DNA mismatches and insertion/deletion loops (IDL) which arise from errors during DNA replication represent another challenge to genomic integrity. Mismatch repair (MMR) is the predominant pathway for the repair of these misincorporation errors. The human MutS homologs hMSH2, hMSH3, and hMSH6 play a fundamental role in the recognition and signaling of MMR (for review, see Refs. 18-20). The hMSH2-hMSH6 heterodimer primarily recognizes DNA base/base mismatches and single nucleotide IDL mismatches (21). The hMSH2-hMSH3 heterodimer also recognizes single nucleotide IDLs as well as larger IDLs (21).
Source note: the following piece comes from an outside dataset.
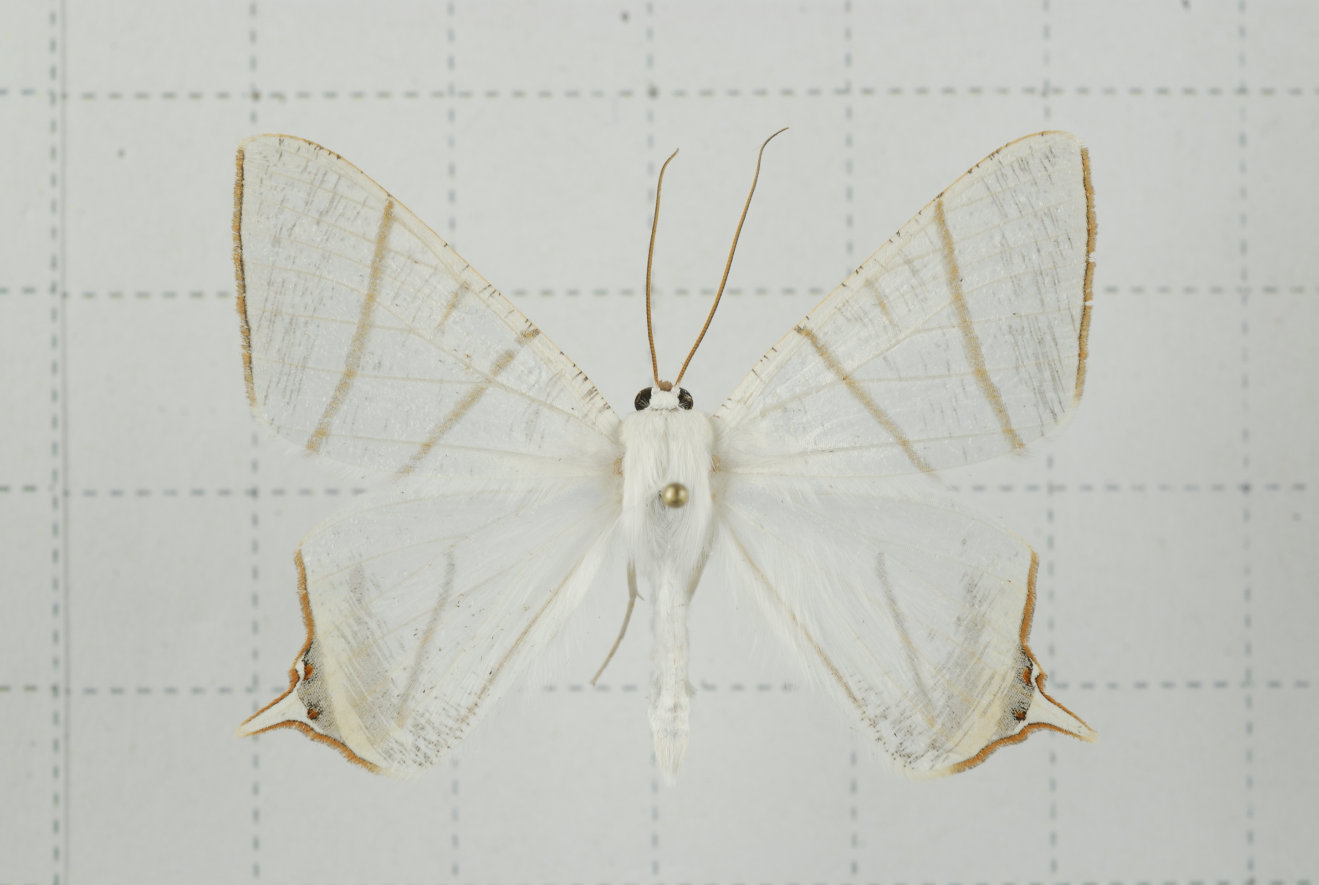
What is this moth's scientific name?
Ourapteryx changi

The eukaryotic MutS homologs have been extensively studied for their role in the recognition and repair of DNA mismatches and IDLs, but they also appear to recognize other abnormalities in DNA. For example, hMSH2-hMSH6 has been shown to bind DNA oligonucleotides containing cisplatin and O6-methylguanine lesions (22-24). Genetic and biochemical evidence also suggests a role for MSH2 and hMSH6 in the repair of 8-oxo-G lesions (25). Compared with wild type cells, Msh2-deficient mouse embryonic stem cells appeared resistant to prolonged low level ionizing radiation and accumulated a significantly greater number of 8-oxo-G in their genomic DNA (1). In addition, cell lines deficient for hMSH2 have been found to be deficient for transcription-coupled DNA repair (TCR) of oxidative lesions (26). Moreover, the combination of S. cerevisiae msh2 or msh6 (but not msh3) mutations with a mutation of ogg-1 resulted in a synergistic increase in G to T transversions (2). Consistent with these genetic results, purified scMsh2-scMsh6 was shown to bind DNA oligonucleotides containing a single 8-oxo-G lesion by gel-shift analysis and to be released from these substrates in the presence of ATP but not ADP (2). Taken together, these latter results suggest that MSH2 and MSH6 (presumably as a heterodimer) recognize and are activated by 8-oxo-G lesions.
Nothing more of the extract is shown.